Extracted records:
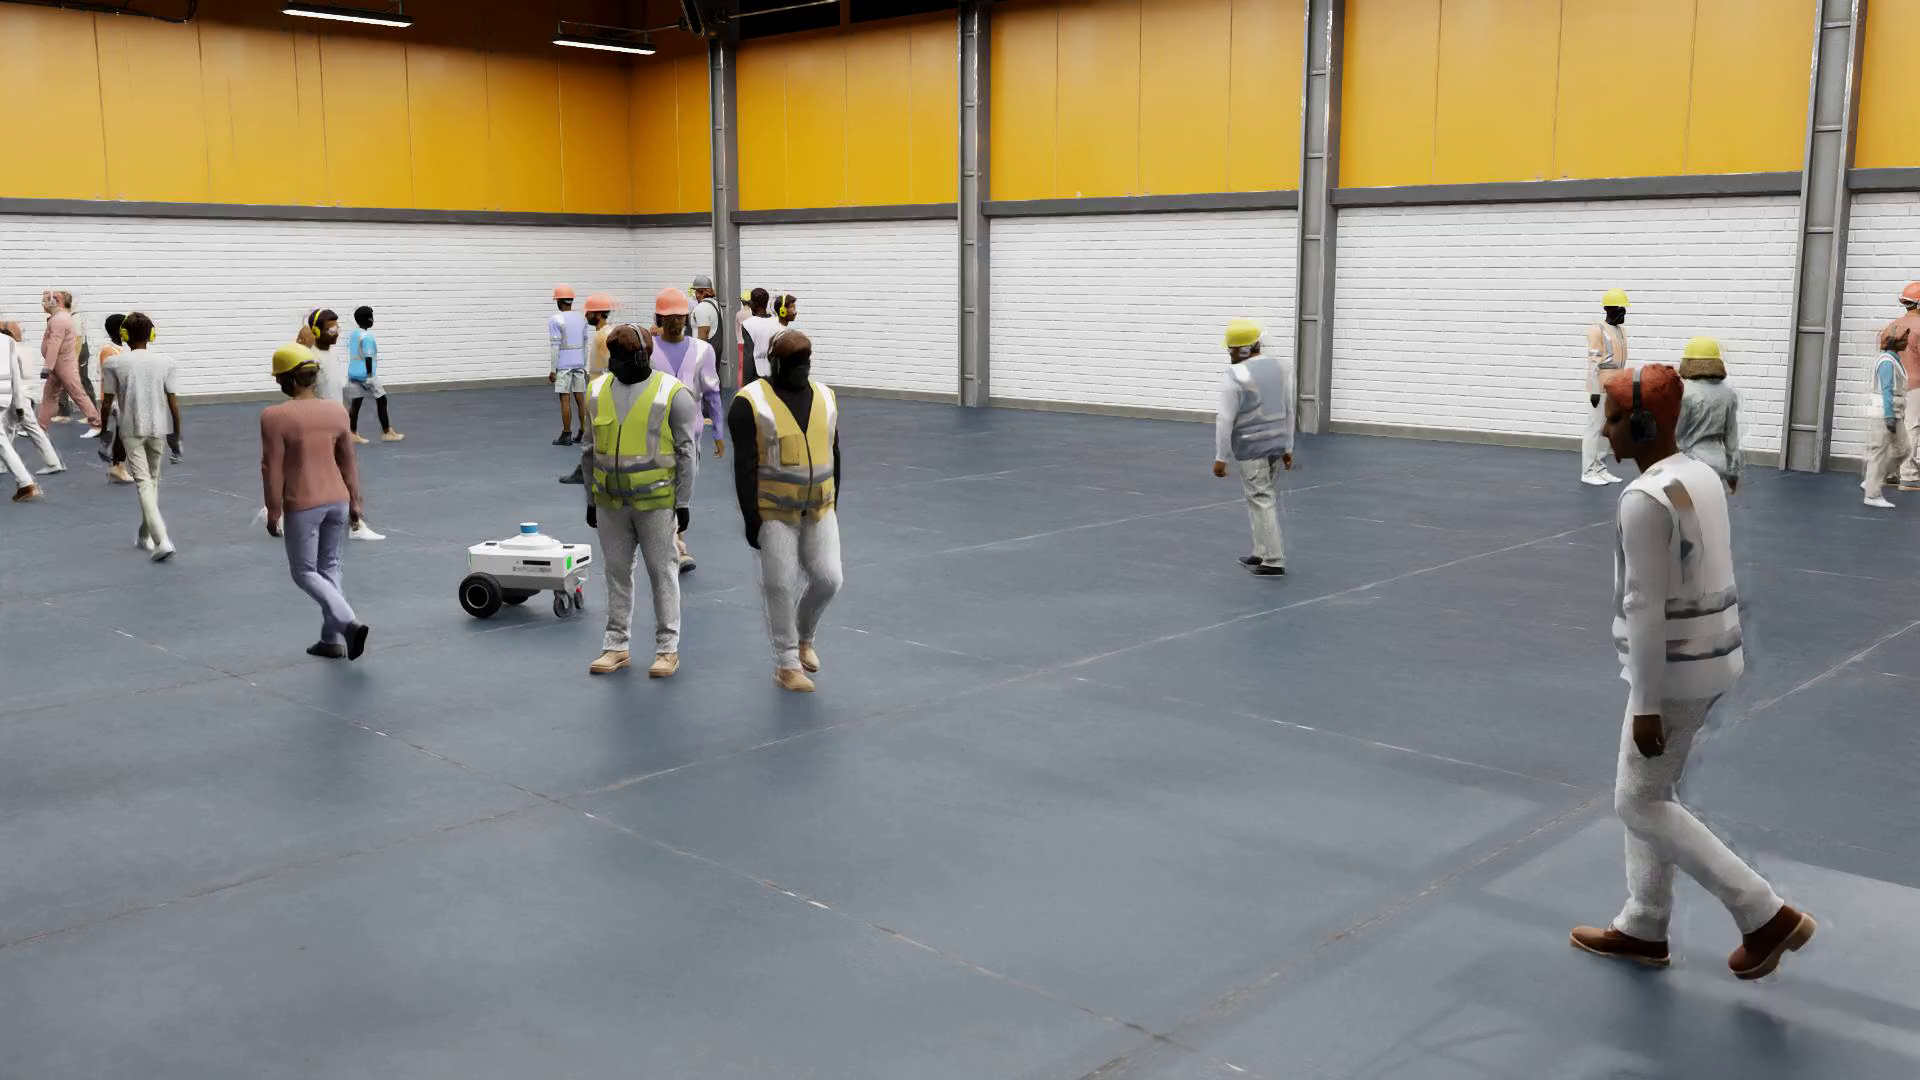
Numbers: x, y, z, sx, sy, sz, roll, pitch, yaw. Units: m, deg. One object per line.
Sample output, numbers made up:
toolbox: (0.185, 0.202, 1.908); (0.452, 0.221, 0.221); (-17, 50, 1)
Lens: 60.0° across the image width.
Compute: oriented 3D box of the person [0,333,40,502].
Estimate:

PROBLEM STATEMENT: All entries should be given again exactly, except that pictures are to be excluded.

ANSWER SPACE:
Numbers: x, y, z, sx, sy, sz, roll, pitch, yaw. Units: m, deg. One object per line.
Sample output, numbers made up:
toolbox: (0.185, 0.202, 1.908); (0.452, 0.221, 0.221); (-17, 50, 1)
Lens: 60.0° across the image width.
Compute: oriented 3D box of the person [0,333,40,502].
Estimate:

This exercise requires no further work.